Saved entries:
--*--
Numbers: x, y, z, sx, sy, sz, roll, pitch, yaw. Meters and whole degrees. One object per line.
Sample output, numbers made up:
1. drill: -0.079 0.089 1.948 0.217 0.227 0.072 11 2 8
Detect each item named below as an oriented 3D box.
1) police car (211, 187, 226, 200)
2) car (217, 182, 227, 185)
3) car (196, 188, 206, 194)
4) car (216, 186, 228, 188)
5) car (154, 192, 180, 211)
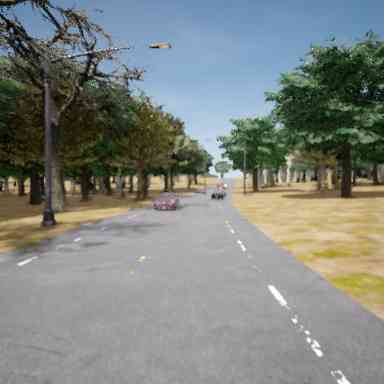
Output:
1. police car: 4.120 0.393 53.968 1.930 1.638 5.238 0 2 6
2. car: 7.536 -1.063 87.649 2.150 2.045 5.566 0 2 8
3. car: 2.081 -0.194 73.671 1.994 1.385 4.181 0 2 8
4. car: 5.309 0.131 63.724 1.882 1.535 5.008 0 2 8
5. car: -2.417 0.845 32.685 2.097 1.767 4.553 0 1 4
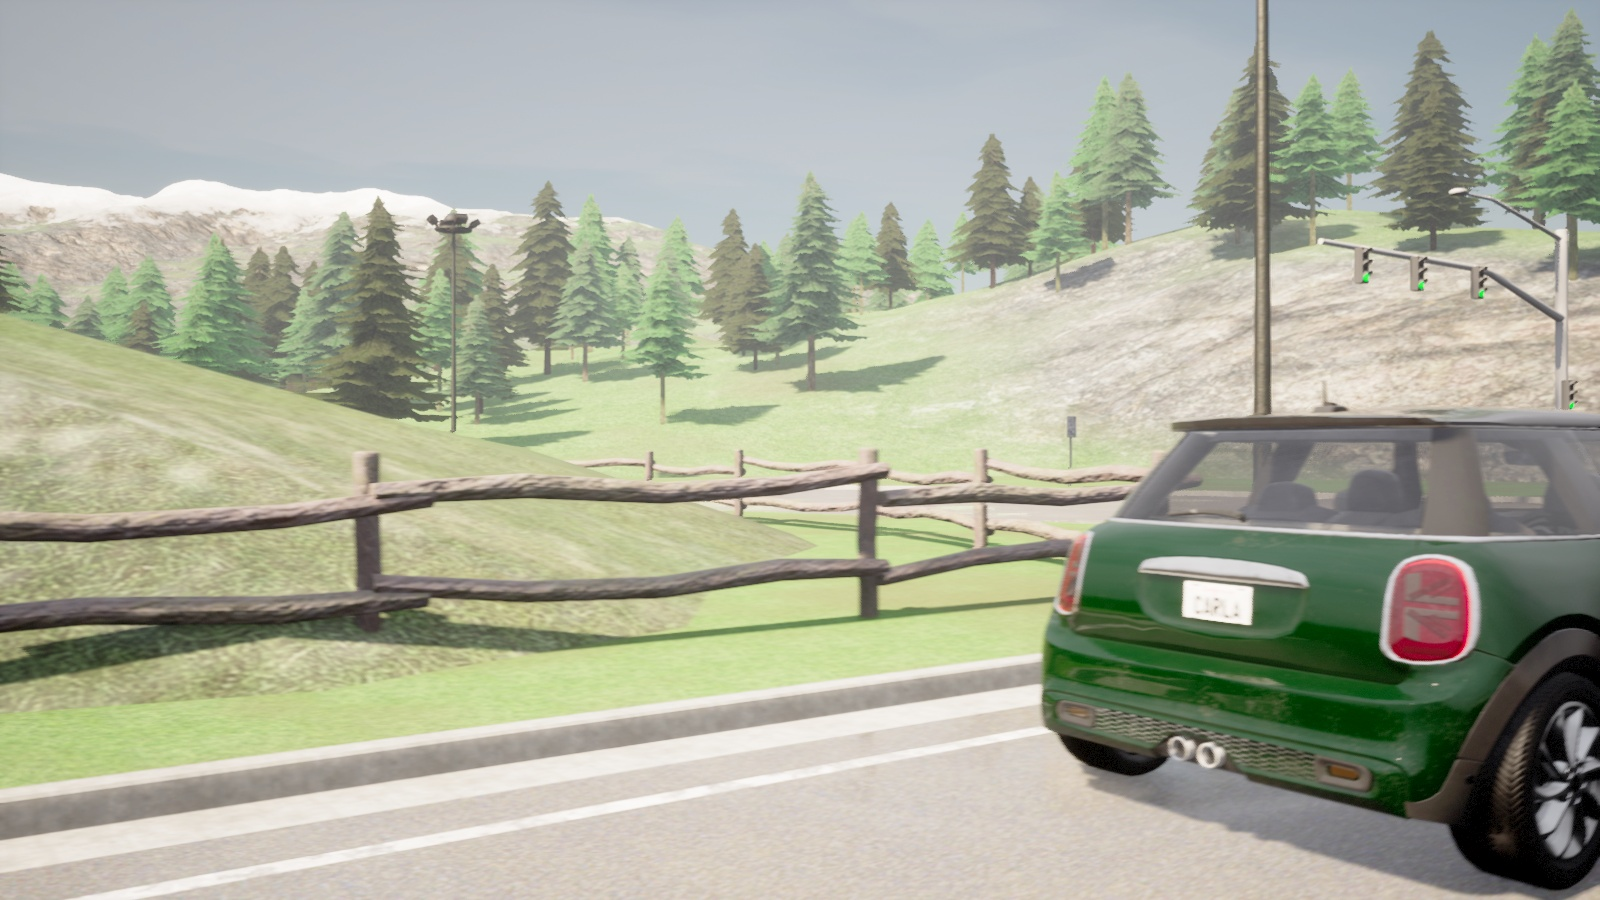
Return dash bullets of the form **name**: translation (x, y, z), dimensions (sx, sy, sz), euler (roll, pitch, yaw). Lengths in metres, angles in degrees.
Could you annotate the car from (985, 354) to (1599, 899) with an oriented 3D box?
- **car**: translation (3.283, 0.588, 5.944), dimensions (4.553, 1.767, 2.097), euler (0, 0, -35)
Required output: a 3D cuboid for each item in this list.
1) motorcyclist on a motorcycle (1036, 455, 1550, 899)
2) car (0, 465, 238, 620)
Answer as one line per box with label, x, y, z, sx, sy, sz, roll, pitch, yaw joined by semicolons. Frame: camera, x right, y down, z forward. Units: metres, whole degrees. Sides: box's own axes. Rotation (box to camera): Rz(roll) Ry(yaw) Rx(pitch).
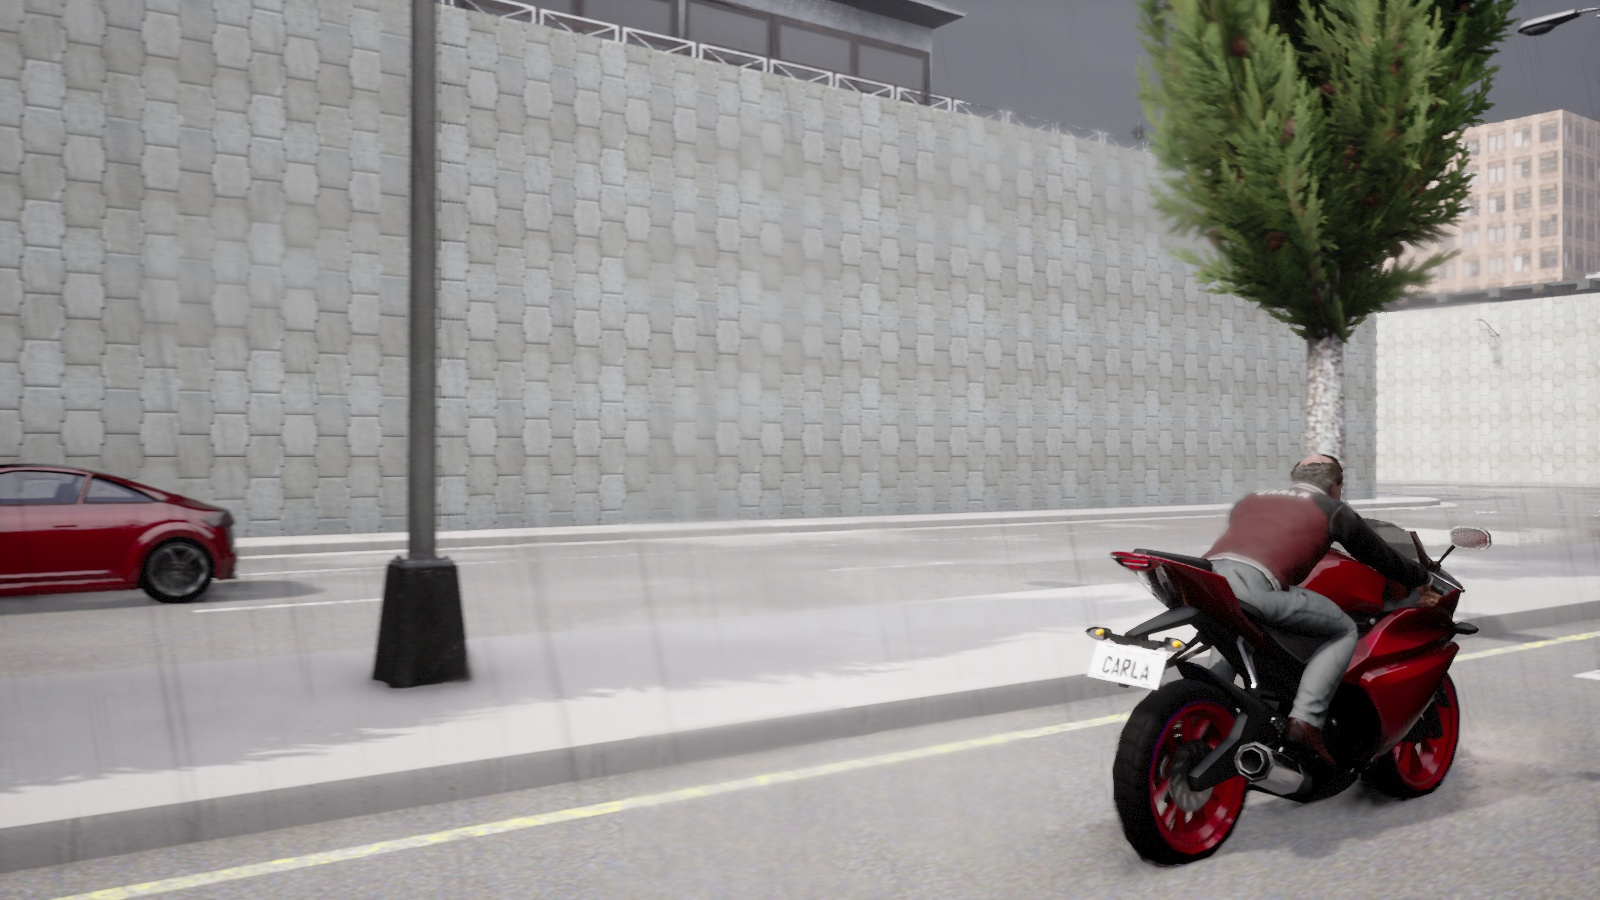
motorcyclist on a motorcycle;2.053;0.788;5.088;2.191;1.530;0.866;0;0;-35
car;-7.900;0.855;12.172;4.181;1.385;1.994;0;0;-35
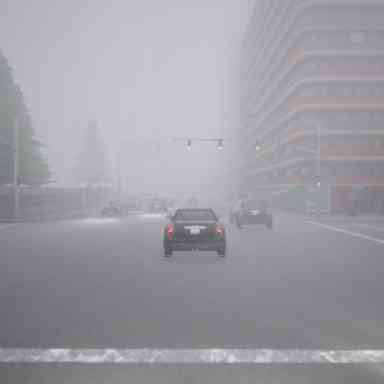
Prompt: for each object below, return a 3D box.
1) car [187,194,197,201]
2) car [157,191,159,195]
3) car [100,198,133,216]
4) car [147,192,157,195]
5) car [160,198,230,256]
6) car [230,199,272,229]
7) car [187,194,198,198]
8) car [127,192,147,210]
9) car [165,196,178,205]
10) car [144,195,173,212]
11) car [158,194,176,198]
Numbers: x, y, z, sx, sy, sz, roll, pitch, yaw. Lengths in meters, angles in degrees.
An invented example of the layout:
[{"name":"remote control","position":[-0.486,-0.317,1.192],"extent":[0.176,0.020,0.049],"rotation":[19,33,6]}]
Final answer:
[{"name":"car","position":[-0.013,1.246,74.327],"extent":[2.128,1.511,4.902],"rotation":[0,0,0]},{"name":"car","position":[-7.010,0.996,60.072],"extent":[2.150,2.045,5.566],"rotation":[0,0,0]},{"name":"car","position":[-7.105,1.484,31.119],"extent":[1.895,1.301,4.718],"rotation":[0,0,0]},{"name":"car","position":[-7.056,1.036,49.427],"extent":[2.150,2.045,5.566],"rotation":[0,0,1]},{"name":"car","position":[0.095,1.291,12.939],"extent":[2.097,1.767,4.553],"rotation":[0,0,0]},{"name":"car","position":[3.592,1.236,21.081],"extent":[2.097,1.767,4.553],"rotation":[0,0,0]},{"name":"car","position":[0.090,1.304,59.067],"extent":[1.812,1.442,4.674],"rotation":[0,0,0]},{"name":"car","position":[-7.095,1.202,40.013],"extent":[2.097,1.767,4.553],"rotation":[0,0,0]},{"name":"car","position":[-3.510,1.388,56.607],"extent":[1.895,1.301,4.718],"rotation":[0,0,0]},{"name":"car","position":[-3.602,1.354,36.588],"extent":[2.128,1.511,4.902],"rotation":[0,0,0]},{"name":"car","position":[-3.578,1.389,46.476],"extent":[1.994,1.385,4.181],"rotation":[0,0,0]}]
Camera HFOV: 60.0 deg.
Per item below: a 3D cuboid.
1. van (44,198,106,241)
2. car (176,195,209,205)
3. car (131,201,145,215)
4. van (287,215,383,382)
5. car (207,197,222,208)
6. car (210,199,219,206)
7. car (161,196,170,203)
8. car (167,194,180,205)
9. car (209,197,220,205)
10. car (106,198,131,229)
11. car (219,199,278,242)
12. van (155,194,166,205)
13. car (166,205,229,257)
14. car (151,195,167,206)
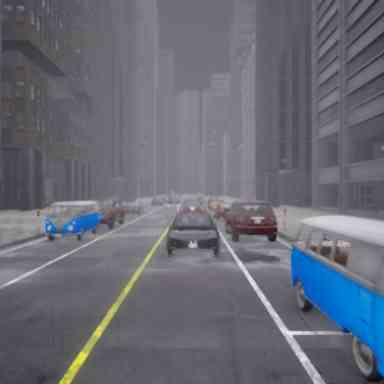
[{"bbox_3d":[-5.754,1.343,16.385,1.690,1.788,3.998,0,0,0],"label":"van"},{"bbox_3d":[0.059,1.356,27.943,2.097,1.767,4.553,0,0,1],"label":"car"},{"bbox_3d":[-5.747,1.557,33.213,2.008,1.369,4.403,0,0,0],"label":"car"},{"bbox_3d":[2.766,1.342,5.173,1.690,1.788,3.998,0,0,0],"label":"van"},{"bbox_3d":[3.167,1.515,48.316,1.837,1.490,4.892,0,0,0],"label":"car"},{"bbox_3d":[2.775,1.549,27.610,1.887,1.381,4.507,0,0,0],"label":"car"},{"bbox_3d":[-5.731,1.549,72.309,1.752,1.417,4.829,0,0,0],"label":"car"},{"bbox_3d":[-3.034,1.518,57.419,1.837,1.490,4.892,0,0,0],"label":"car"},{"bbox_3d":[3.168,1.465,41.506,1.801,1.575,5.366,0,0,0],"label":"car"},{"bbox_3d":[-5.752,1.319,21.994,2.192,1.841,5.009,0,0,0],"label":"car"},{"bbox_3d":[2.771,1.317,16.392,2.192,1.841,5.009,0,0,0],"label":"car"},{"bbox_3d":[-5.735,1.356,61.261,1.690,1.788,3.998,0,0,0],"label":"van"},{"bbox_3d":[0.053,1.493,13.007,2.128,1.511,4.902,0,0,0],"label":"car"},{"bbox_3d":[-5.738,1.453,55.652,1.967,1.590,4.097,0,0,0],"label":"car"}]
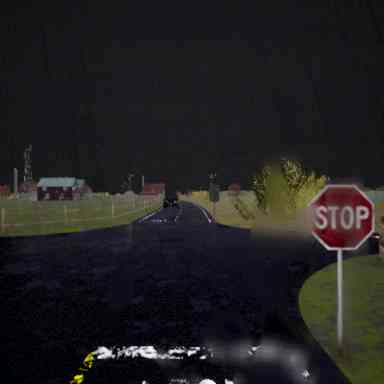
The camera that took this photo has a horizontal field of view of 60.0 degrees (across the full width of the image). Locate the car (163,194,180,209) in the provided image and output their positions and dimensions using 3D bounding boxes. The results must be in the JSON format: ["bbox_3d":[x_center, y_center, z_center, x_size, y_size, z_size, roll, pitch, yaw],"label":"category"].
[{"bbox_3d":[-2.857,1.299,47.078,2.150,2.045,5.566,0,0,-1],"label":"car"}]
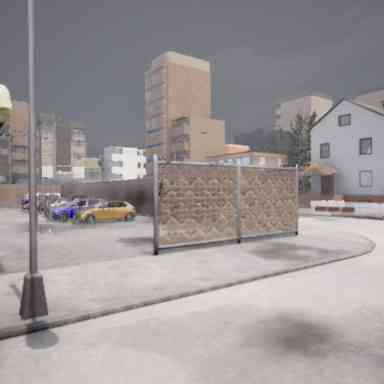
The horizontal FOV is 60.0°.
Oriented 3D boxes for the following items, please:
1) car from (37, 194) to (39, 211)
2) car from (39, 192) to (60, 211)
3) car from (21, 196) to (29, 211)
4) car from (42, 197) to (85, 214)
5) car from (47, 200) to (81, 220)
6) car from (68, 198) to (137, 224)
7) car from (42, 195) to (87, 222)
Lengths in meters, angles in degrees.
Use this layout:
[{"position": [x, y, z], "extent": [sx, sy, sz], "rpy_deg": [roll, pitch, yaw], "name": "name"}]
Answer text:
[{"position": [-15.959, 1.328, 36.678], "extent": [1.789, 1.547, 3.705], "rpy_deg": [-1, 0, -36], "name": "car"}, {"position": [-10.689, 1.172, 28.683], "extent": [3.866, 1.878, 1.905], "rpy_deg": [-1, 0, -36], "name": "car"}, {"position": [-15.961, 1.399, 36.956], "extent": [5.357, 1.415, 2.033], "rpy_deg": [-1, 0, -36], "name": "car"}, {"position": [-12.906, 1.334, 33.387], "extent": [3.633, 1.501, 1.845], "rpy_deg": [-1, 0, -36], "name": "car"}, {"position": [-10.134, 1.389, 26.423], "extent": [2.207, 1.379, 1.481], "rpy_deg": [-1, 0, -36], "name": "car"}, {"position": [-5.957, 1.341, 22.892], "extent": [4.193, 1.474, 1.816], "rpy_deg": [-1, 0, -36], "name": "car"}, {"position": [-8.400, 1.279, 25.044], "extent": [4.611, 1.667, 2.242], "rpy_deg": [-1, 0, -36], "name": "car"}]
--*--
*YOUR ASSIGNMENT:*
Copy the records above exactly. Do not carry any picture into the copy.

*TASK OUTPUT:*
Numbers: x, y, z, sx, sy, sz, roll, pitch, yaw. Meters and whole degrees. One object per line.
Sample output, numbers made up:
1. drill: -0.079 0.089 1.948 0.217 0.227 0.072 11 2 8
Detect each item named below as an oriented 3D box.
1) police car (211, 187, 226, 200)
2) car (217, 182, 227, 185)
3) car (196, 188, 206, 194)
4) car (216, 186, 228, 188)
5) car (154, 192, 180, 211)
Output:
1. police car: 4.120 0.393 53.968 1.930 1.638 5.238 0 2 6
2. car: 7.536 -1.063 87.649 2.150 2.045 5.566 0 2 8
3. car: 2.081 -0.194 73.671 1.994 1.385 4.181 0 2 8
4. car: 5.309 0.131 63.724 1.882 1.535 5.008 0 2 8
5. car: -2.417 0.845 32.685 2.097 1.767 4.553 0 1 4
Return dash bullets of the form **name**: translation (x, y, z), dimensions (sx, sy, sz), euler (roll, pitch, yaw). Lengths in metres, angles in degrees.
Could you annotate the car from (985, 354) to (1599, 899) with an oriented 3D box?
- **car**: translation (3.283, 0.588, 5.944), dimensions (4.553, 1.767, 2.097), euler (0, 0, -35)
Required output: a 3D cuboid for each item in this list.
1) motorcyclist on a motorcycle (1036, 455, 1550, 899)
2) car (0, 465, 238, 620)
Answer as one line per box with label, x, y, z, sx, sy, sz, roll, pitch, yaw joined by semicolons. Frame: camera, x right, y down, z forward. Units: metres, whole degrees. Sides: box's own axes. Rotation (box to camera): Rz(roll) Ry(yaw) Rx(pitch).
motorcyclist on a motorcycle;2.053;0.788;5.088;2.191;1.530;0.866;0;0;-35
car;-7.900;0.855;12.172;4.181;1.385;1.994;0;0;-35
Prompt: for each object below, return a 3D box.
1) car [187,194,197,201]
2) car [157,191,159,195]
3) car [100,198,133,216]
4) car [147,192,157,195]
5) car [160,198,230,256]
6) car [230,199,272,229]
7) car [187,194,198,198]
8) car [127,192,147,210]
9) car [165,196,178,205]
10) car [144,195,173,212]
11) car [158,194,176,198]
Numbers: x, y, z, sx, sy, sz, roll, pitch, yaw. Lengths in meters, angles in degrees.
An invented example of the layout:
[{"name":"remote control","position":[-0.486,-0.317,1.192],"extent":[0.176,0.020,0.049],"rotation":[19,33,6]}]
Final answer:
[{"name":"car","position":[-0.013,1.246,74.327],"extent":[2.128,1.511,4.902],"rotation":[0,0,0]},{"name":"car","position":[-7.010,0.996,60.072],"extent":[2.150,2.045,5.566],"rotation":[0,0,0]},{"name":"car","position":[-7.105,1.484,31.119],"extent":[1.895,1.301,4.718],"rotation":[0,0,0]},{"name":"car","position":[-7.056,1.036,49.427],"extent":[2.150,2.045,5.566],"rotation":[0,0,1]},{"name":"car","position":[0.095,1.291,12.939],"extent":[2.097,1.767,4.553],"rotation":[0,0,0]},{"name":"car","position":[3.592,1.236,21.081],"extent":[2.097,1.767,4.553],"rotation":[0,0,0]},{"name":"car","position":[0.090,1.304,59.067],"extent":[1.812,1.442,4.674],"rotation":[0,0,0]},{"name":"car","position":[-7.095,1.202,40.013],"extent":[2.097,1.767,4.553],"rotation":[0,0,0]},{"name":"car","position":[-3.510,1.388,56.607],"extent":[1.895,1.301,4.718],"rotation":[0,0,0]},{"name":"car","position":[-3.602,1.354,36.588],"extent":[2.128,1.511,4.902],"rotation":[0,0,0]},{"name":"car","position":[-3.578,1.389,46.476],"extent":[1.994,1.385,4.181],"rotation":[0,0,0]}]
Camera HFOV: 60.0 deg.
Per item below: a 3D cuboid.
1. van (44,198,106,241)
2. car (176,195,209,205)
3. car (131,201,145,215)
4. van (287,215,383,382)
5. car (207,197,222,208)
6. car (210,199,219,206)
7. car (161,196,170,203)
8. car (167,194,180,205)
9. car (209,197,220,205)
10. car (106,198,131,229)
11. car (219,199,278,242)
12. van (155,194,166,205)
13. car (166,205,229,257)
14. car (151,195,167,206)
[{"bbox_3d":[-5.754,1.343,16.385,1.690,1.788,3.998,0,0,0],"label":"van"},{"bbox_3d":[0.059,1.356,27.943,2.097,1.767,4.553,0,0,1],"label":"car"},{"bbox_3d":[-5.747,1.557,33.213,2.008,1.369,4.403,0,0,0],"label":"car"},{"bbox_3d":[2.766,1.342,5.173,1.690,1.788,3.998,0,0,0],"label":"van"},{"bbox_3d":[3.167,1.515,48.316,1.837,1.490,4.892,0,0,0],"label":"car"},{"bbox_3d":[2.775,1.549,27.610,1.887,1.381,4.507,0,0,0],"label":"car"},{"bbox_3d":[-5.731,1.549,72.309,1.752,1.417,4.829,0,0,0],"label":"car"},{"bbox_3d":[-3.034,1.518,57.419,1.837,1.490,4.892,0,0,0],"label":"car"},{"bbox_3d":[3.168,1.465,41.506,1.801,1.575,5.366,0,0,0],"label":"car"},{"bbox_3d":[-5.752,1.319,21.994,2.192,1.841,5.009,0,0,0],"label":"car"},{"bbox_3d":[2.771,1.317,16.392,2.192,1.841,5.009,0,0,0],"label":"car"},{"bbox_3d":[-5.735,1.356,61.261,1.690,1.788,3.998,0,0,0],"label":"van"},{"bbox_3d":[0.053,1.493,13.007,2.128,1.511,4.902,0,0,0],"label":"car"},{"bbox_3d":[-5.738,1.453,55.652,1.967,1.590,4.097,0,0,0],"label":"car"}]
The camera that took this photo has a horizontal field of view of 60.0 degrees (across the full width of the image). Locate the car (163,194,180,209) in the provided image and output their positions and dimensions using 3D bounding boxes. The results must be in the JSON format: ["bbox_3d":[x_center, y_center, z_center, x_size, y_size, z_size, roll, pitch, yaw],"label":"category"].
[{"bbox_3d":[-2.857,1.299,47.078,2.150,2.045,5.566,0,0,-1],"label":"car"}]
The horizontal FOV is 60.0°.
Oriented 3D boxes for the following items, please:
1) car from (37, 194) to (39, 211)
2) car from (39, 192) to (60, 211)
3) car from (21, 196) to (29, 211)
4) car from (42, 197) to (85, 214)
5) car from (47, 200) to (81, 220)
6) car from (68, 198) to (137, 224)
7) car from (42, 195) to (87, 222)
Lengths in meters, angles in degrees.
Use this layout:
[{"position": [x, y, z], "extent": [sx, sy, sz], "rpy_deg": [roll, pitch, yaw], "name": "name"}]
Answer text:
[{"position": [-15.959, 1.328, 36.678], "extent": [1.789, 1.547, 3.705], "rpy_deg": [-1, 0, -36], "name": "car"}, {"position": [-10.689, 1.172, 28.683], "extent": [3.866, 1.878, 1.905], "rpy_deg": [-1, 0, -36], "name": "car"}, {"position": [-15.961, 1.399, 36.956], "extent": [5.357, 1.415, 2.033], "rpy_deg": [-1, 0, -36], "name": "car"}, {"position": [-12.906, 1.334, 33.387], "extent": [3.633, 1.501, 1.845], "rpy_deg": [-1, 0, -36], "name": "car"}, {"position": [-10.134, 1.389, 26.423], "extent": [2.207, 1.379, 1.481], "rpy_deg": [-1, 0, -36], "name": "car"}, {"position": [-5.957, 1.341, 22.892], "extent": [4.193, 1.474, 1.816], "rpy_deg": [-1, 0, -36], "name": "car"}, {"position": [-8.400, 1.279, 25.044], "extent": [4.611, 1.667, 2.242], "rpy_deg": [-1, 0, -36], "name": "car"}]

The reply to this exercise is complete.